Benedict's Soapbox

HTML Parsing/Screen Scraping with UIWebView

I asked a question on Stack Overflow about how to do screen scarping in iOS. The outcome was that using running some javascript with UIWebView stringByEvaluatingJavaScriptFromString: to extract and serialise the data is the best approach. However, there are a few gotchas.

Firstly, it’s worth noting what stringByEvaluatingJavaScriptFromString actually ‘returns’. It’s a little strange but some examples make it clear. The comment at the end of the lines is the output of NSLog:

NSLog(@"%@", [webView stringByEvaluatingJavaScriptFromString:@"'hello';"]); // hello  
NSLog(@"%@", [webView stringByEvaluatingJavaScriptFromString:@"'hello';'goodbye';"]); // goodbye  
NSLog(@"%@", [webView stringByEvaluatingJavaScriptFromString:@"return 'hello';"]); //  
NSLog(@"%@", [webView stringByEvaluatingJavaScriptFromString:@"var greeting = function(){return 'hello';}; greeting();"]); //hello  

However, we can use stringByEvaluatingJavaScriptFromString: to inject javascript into the DOM and make additional stringByEvaluatingJavaScriptFromString calls to fetch the result:

NSLog(@"%@", [webView stringByEvaluatingJavaScriptFromString:@"document.wordOfTheDay = 'discorporate';"]); //  
NSLog(@"%@", [webView stringByEvaluatingJavaScriptFromString:@"document.wordOfTheDay;"]); //discorporate  

It’s worth noting that there are other ways to communicate with the javascript in a UIWebView.

OK, on to the scraping.

The biggest problem is being certain that the DOM has loaded before the script is run. The UIWebViewDelegate protocol includes webViewDidFinishLoad: which at first glance seems perfect. If only life was that simple. I’ve encountered quite a few pages that trigger webViewDidFinishLoad: multiple times before the DOM is actually ready (presumable this is due to iframes or javascript).

The solution is to combine webViewDidFinishLoad: with the standard javascript approach of detecting when the DOM is ready.
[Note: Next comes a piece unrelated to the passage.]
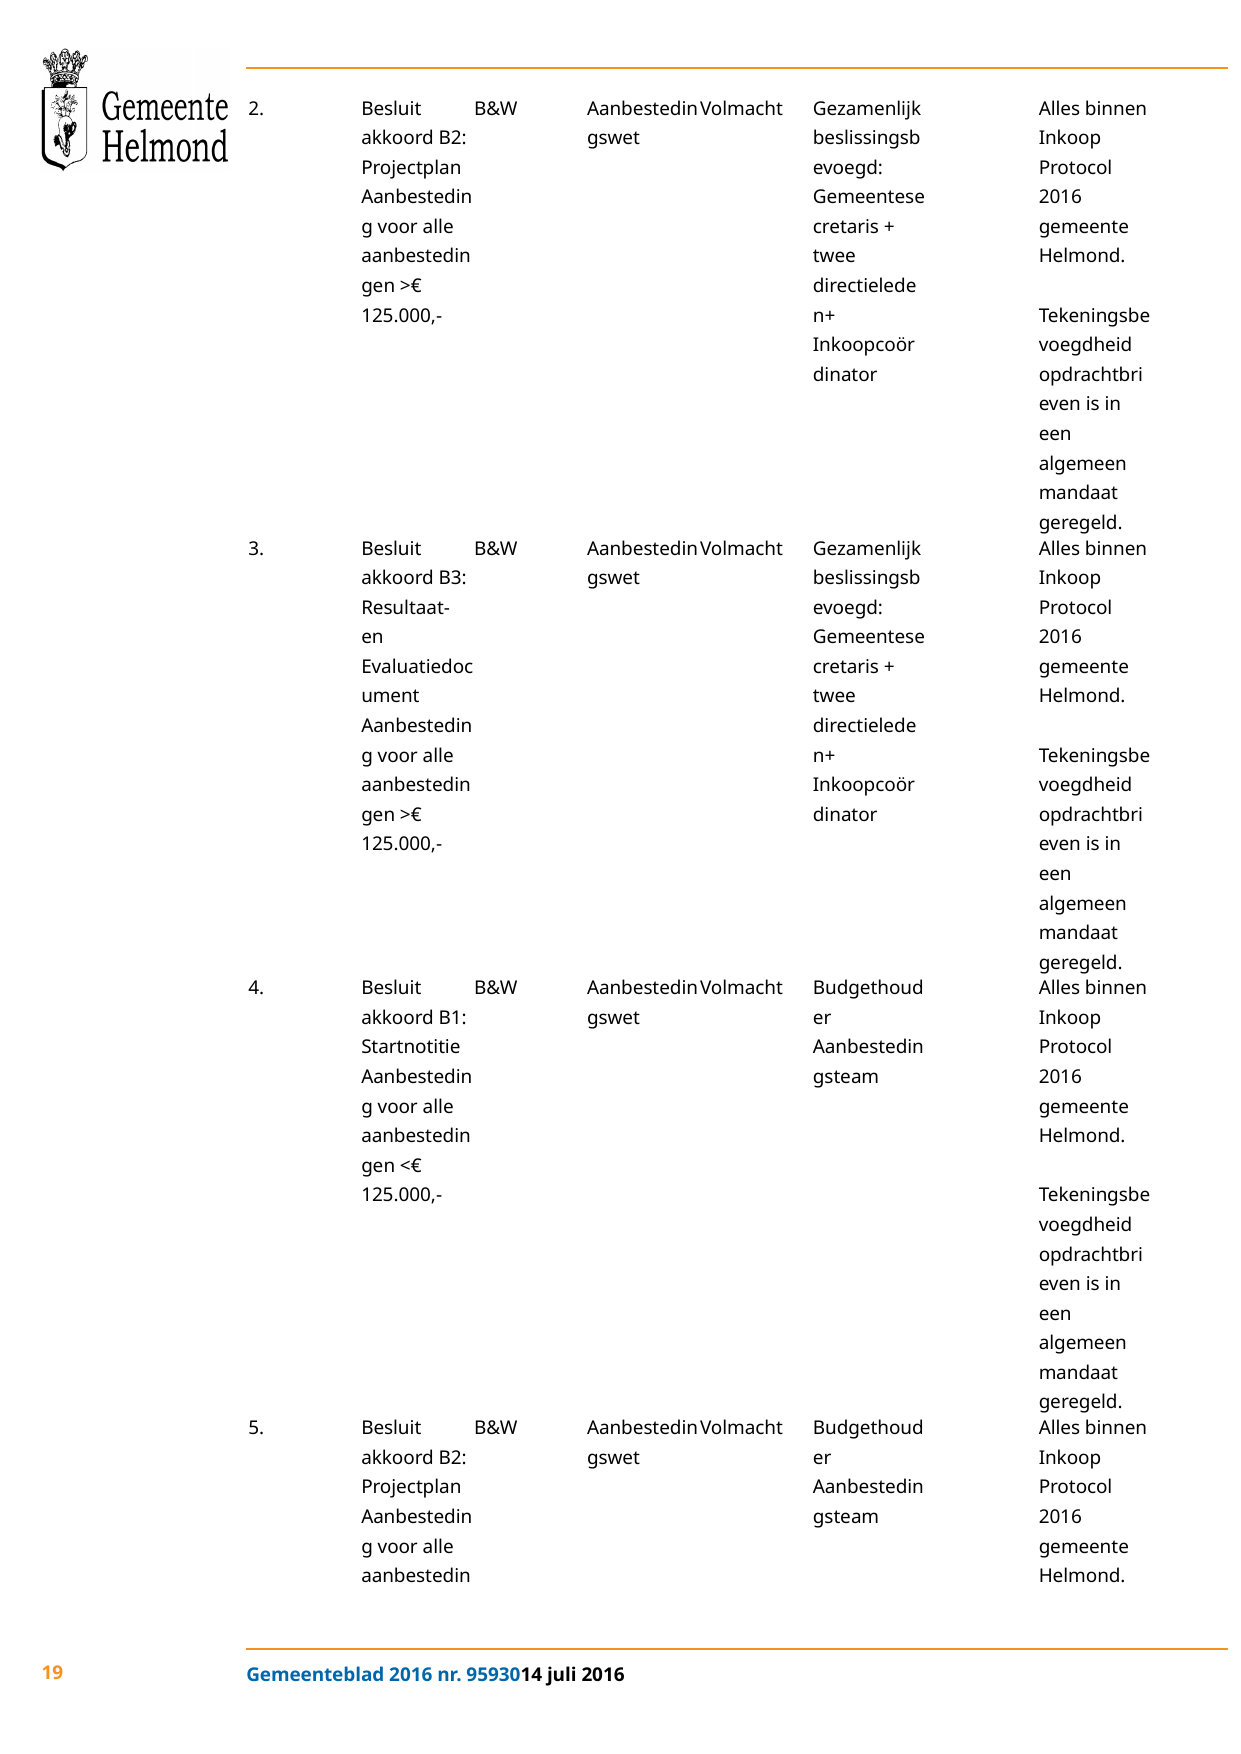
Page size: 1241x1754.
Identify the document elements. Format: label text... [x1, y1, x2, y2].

On the first invocation of webViewDidFinishLoad: we inject code to check the DOM for readiness (injecting this in webViewDidStartLoad: has unpredictable results):

if (/loaded|complete/.test(document.readyState))  
{  
document.UIWebViewDocumentIsReady = true;  
}  
else  
{  
document.addEventListener('DOMContentLoaded', function(){document.UIWebViewDocumentIsReady = true;}, false);  
}  

We then poll the UIWebView to determine when the DOM is ready:

-(void)pollDocumentReadyState  
{  
if ([@"true" caseInsensitiveCompare:[webview stringByEvaluatingJavaScriptFromString:@"document.UIWebViewDocumentIsReady;"]] == NSOrderedSame)  
{  
NSString *json = [webView stringByEvaluatingJavaScriptFromString:myFancyParsingAndSerializationScript];  
//Do something with json  
}  
else  
{  
[self performSelector:@selector(pollDocumentReadyState) withObject:nil afterDelay:1];  
}  
}  

That’s it!

I’ve created a class, EMKJavascriptEvaluation (zip archive), to handle all of this. Here’s a usage example:

-(void)beginScrape  
{  
[[NSNotificationCenter defaultCenter] addObserver:self selector:@selector(jsEvaluationCompleted:) name:EMKJavascriptEvaluationComplete object:nil];

NSString *scriptPath = [[NSBundle mainBundle] pathForResource:@"myFancyParsingAndSerializationScript" ofType:@"js"];  
NSString *script = [NSString stringWithContentsOfFile:scriptPath encoding:NSUTF8StringEncoding error:NULL];  
NSURL* url = [NSURL URLWithString: @"http://example.com"];

EMKJavascriptEvaluation *evaluation = [EMKJavascriptEvaluation evaluateScript:script withHtmlAtURL:url];

[evaluation injectLibraryAtPath:[[NSBundle mainBundle] pathForResource:@"jquery" ofType:@"js"]];  
[evaluation injectLibraryAtPath:[[NSBundle mainBundle] pathForResource:@"json2" ofType:@"js"]];

[evaluation evaluate];  
}

-(void)jsEvaluationCompleted:(NSNotification*)notification  
{  
NSLog(@"result: %@", [[notification object] result]);  
}  

Take a look at the .h for details.

The code is completely free and comes with no warranty what so ever. I haven’t used this code in a finished app yet so there’s probably a bug or two.

Update: The easiest way to parse HTML is to treat it as XML and use the NSXMLParser. iOS comes with LibTidy which is capable of fixing a multitude of markup sins. Use LibTidy to create clean XML and pass this XML to NSXMLParser. Only use the approach outlined above if it’s not possible to use NSXMLParser.